One area that wasn’t addressed as much in the 2013 Pew study was antisemitism. Alan Cooperman, the director of religion research at the Pew Research Center, said that as the study was being developed in 2012, there was unanimous agreement that antisemitism was “not a pressing concern.”

“This time around, in the wake of events in Charlottesville and the shootings in synagogues in Pittsburgh and Poway, Calif., we asked many more questions about antisemitism,” Cooperman said. 

  • Three-quarters of Jewish adults say antisemitism has increased over the past five years. Still, only 5% of Jews chose not to participate in Jewish activities out of concern for their safety. 
  • More Jews have heard antisemitic tropes (for example, someone saying the Holocaust didn’t happen) secondhand than have experienced them firsthand.

Older American Jews tend to feel more connected to Israel

Asked why they thought there was more antisemitism, most Jewish adults said that antisemites felt freer to express their views — or that there were both more antisemites nowadays, and that antisemites were emboldened to speak up.

The political polarization of Jewish groups, a trend visible in 2013 but that, like many issues, heavily escalated in the second half of the 2010s, was also given a deeper look by Pew researchers.

  • Orthodox and non-Orthodox Jews are deeply divided. Politically, Orthodox Jews are Republican at roughly the same rate (75%) as non-Orthodox Jews are Democratic. 
  • Half of all Orthodox Jews say they have little to nothing in common with Reform Jews, a sentiment matched by 60% of Reform Jews. 
  • On the whole, Conservative and Reform Jews say they have more in common with Israeli Jews than Orthodox Jews. Orthodox Jews also feel closer to Israeli Jews than to American non-Orthodox Jews. 

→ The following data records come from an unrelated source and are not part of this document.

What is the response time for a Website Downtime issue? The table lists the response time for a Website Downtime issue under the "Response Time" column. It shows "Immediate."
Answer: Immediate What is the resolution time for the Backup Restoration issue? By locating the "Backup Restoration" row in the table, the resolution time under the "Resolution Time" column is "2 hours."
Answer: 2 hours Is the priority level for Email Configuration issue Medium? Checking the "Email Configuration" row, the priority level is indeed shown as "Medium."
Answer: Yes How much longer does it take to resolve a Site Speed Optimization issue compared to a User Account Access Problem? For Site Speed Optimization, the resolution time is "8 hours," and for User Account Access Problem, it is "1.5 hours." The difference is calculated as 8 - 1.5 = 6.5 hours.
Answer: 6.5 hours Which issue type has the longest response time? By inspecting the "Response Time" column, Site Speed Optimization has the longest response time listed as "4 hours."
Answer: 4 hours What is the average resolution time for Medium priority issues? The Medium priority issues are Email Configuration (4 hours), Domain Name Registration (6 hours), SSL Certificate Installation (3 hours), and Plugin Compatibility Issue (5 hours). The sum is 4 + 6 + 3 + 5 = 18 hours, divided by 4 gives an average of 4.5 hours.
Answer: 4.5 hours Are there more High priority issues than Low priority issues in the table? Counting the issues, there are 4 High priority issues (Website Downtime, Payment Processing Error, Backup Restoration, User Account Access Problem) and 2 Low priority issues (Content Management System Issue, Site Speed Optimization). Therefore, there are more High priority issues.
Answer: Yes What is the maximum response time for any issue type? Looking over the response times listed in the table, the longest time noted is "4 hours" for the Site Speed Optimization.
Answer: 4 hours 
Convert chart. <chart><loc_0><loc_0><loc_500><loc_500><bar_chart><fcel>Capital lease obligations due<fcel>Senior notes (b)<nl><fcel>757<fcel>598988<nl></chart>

Finally, as conversations about race and diversity have taken center stage in the American Jewish community, Pew broke down Jewish demographics. A focus on race is, in some ways, intertwined with intermarriage, as 17% of Jewish adults live in a household with at least one non-white or multiracial person (who may or may not be Jewish). 

  • Nine percent of Jewish adults identify as gay, lesbian, or bisexual, with another three percent who either didn’t answer the question; didn’t know their gender; or identified as “something else.”
  • American Jews are becoming more diverse. Of all Jewish adults, 92% identify as white. But for the 18-29 age group, 15% identify with non-white demographic categories like Hispanic (7%) and Black (2%). 

Younger Jewish adults are more racially and ethnically diverse

To help bring context to the “Jewish Americans in 2020” study, Pew Research organized a webinar on Tuesday that included a walkthrough by some of the researchers, and a discussion panel and Q&A with four prominent Jewish communal professionals. 

A few notable quotes were prompted by a question for Rabbi B. Elka Abrahamson, the president of the Wexner Foundation, about how communal leadership can help bridge a fractured American Jewish community. 

“The Jewish communal ecosystem must evolve in order to accommodate Jews, however, they self-define in a variety of stages and phases of identity and connection,” Abrahamson said. “If we are going to define ourselves as one people, today is a wake-up call.

“We need to be relentlessly curious not just about the data, but about individuals, about the lived experience of people we might not understand. We have to replace outrage with curiosity.”

Abrahamson noted, as other speakers had done, how after seven years and the 2013 Pew-driven scramble for new initiatives to engage Jews, nothing Jewish organizations and professionals had done helped with divisions in the community.

“That is a pattern we can break for the better if we get really serious about change,” she said.